Stored items from a collection
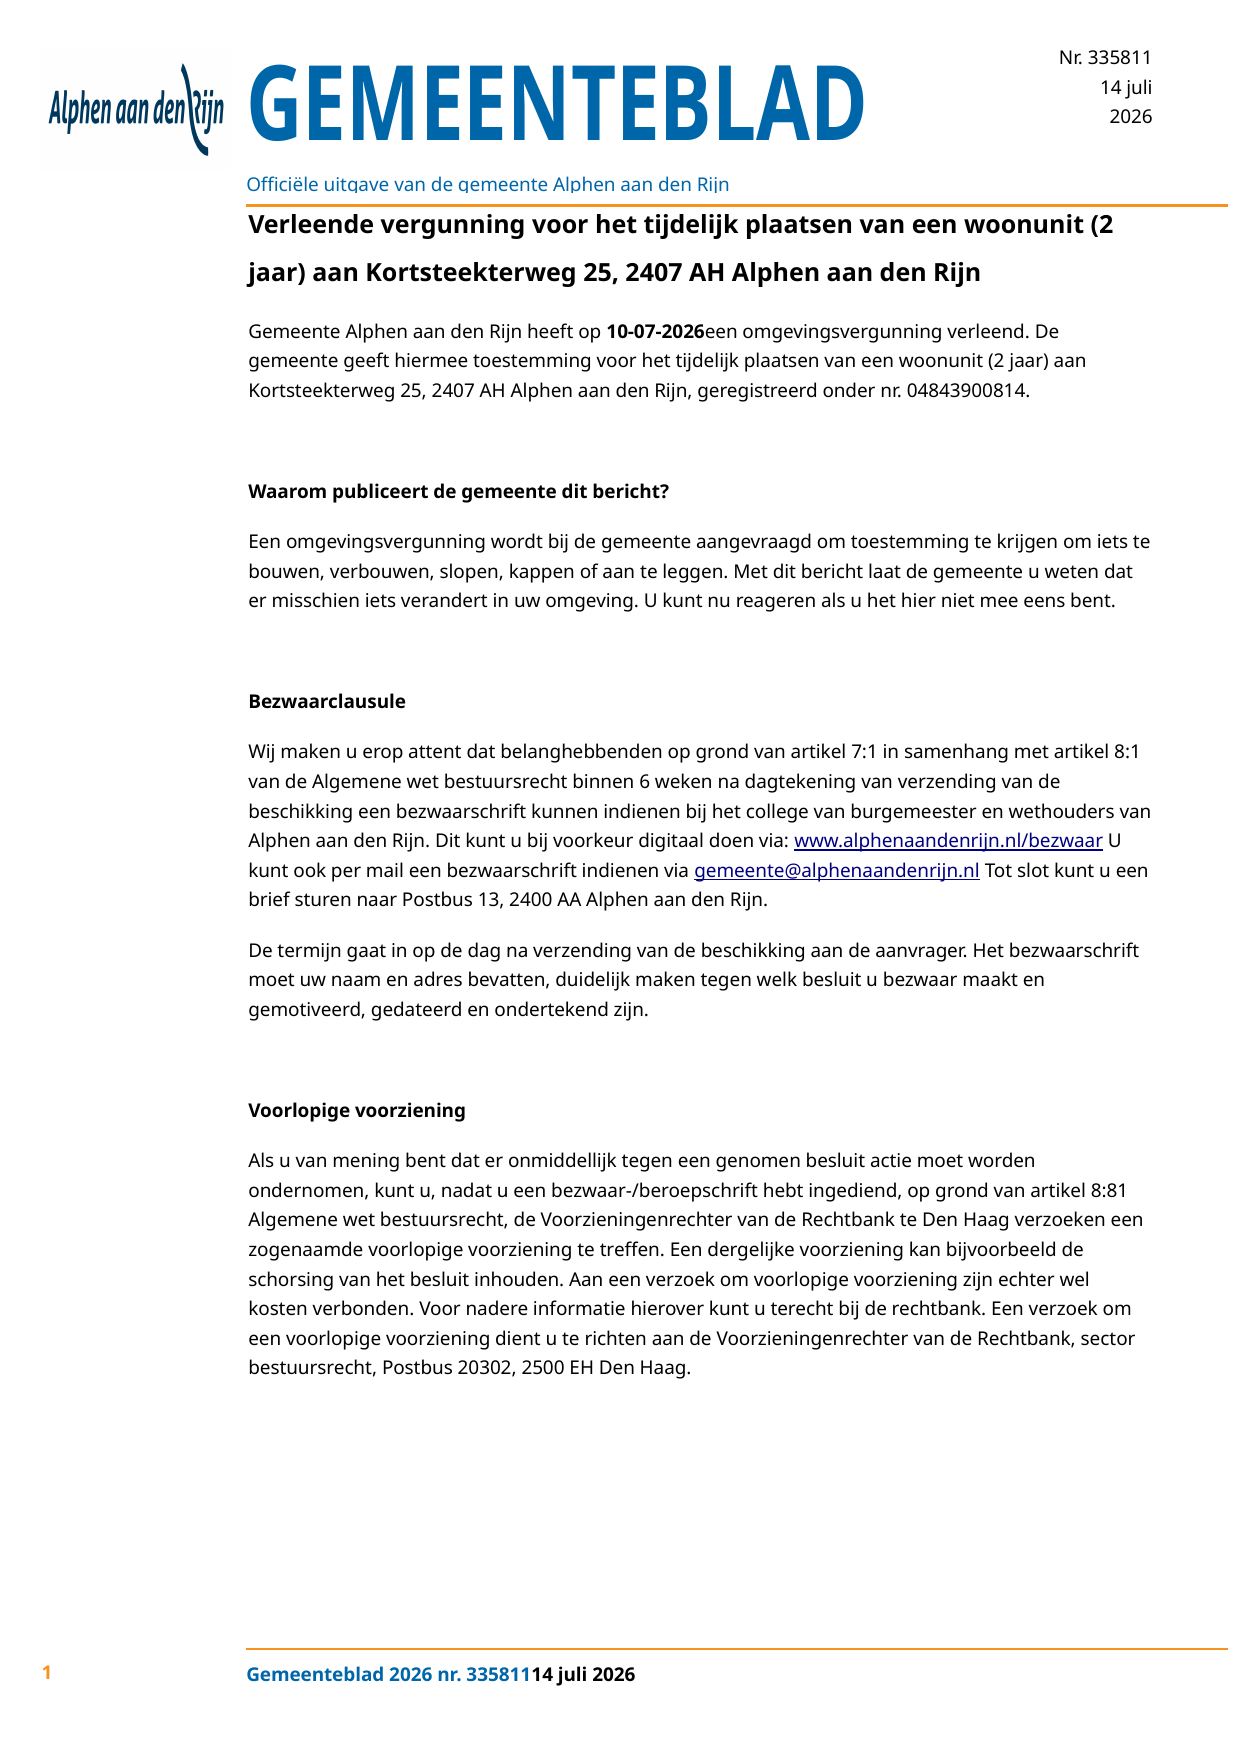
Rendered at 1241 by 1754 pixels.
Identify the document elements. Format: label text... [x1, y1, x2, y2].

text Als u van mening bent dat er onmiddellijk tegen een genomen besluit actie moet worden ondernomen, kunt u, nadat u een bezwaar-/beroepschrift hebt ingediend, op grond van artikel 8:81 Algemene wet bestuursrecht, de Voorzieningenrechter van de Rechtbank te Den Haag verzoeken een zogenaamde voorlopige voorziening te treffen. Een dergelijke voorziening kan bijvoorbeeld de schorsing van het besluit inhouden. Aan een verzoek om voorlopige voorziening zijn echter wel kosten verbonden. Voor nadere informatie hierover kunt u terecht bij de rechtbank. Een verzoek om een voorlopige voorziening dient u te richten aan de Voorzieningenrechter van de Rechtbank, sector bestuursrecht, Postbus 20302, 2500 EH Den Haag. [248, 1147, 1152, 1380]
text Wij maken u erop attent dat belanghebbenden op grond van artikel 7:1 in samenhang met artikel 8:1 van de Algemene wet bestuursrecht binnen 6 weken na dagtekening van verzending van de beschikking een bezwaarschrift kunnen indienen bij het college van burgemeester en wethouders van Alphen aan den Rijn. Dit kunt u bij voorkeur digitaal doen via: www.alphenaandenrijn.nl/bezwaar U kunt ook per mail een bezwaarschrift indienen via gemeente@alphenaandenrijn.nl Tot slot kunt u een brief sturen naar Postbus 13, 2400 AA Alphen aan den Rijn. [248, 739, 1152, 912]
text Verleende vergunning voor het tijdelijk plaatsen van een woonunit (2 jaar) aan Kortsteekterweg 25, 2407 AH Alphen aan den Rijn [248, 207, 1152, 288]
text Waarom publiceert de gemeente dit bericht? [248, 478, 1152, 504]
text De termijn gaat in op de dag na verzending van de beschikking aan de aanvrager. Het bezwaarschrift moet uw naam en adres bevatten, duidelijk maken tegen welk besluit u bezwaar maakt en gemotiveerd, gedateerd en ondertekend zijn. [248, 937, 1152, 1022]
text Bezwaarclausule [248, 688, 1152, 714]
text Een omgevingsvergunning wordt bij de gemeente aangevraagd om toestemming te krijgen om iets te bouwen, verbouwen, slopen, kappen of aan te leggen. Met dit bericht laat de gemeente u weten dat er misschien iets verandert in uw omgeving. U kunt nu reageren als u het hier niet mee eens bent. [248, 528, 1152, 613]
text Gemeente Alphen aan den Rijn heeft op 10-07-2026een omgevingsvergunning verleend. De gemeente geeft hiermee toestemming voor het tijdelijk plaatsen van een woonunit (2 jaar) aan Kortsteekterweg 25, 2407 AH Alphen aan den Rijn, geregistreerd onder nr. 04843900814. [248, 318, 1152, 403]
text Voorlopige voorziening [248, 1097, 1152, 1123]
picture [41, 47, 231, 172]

> [Problem to work on] In the records above, collect each line with "plaatsen".

> [Exercise response]
text Verleende vergunning voor het tijdelijk plaatsen van een woonunit (2 jaar) aan Kortsteekterweg 25, 2407 AH Alphen aan den Rijn [248, 207, 1152, 288]
text Gemeente Alphen aan den Rijn heeft op 10-07-2026een omgevingsvergunning verleend. De gemeente geeft hiermee toestemming voor het tijdelijk plaatsen van een woonunit (2 jaar) aan Kortsteekterweg 25, 2407 AH Alphen aan den Rijn, geregistreerd onder nr. 04843900814. [248, 318, 1152, 403]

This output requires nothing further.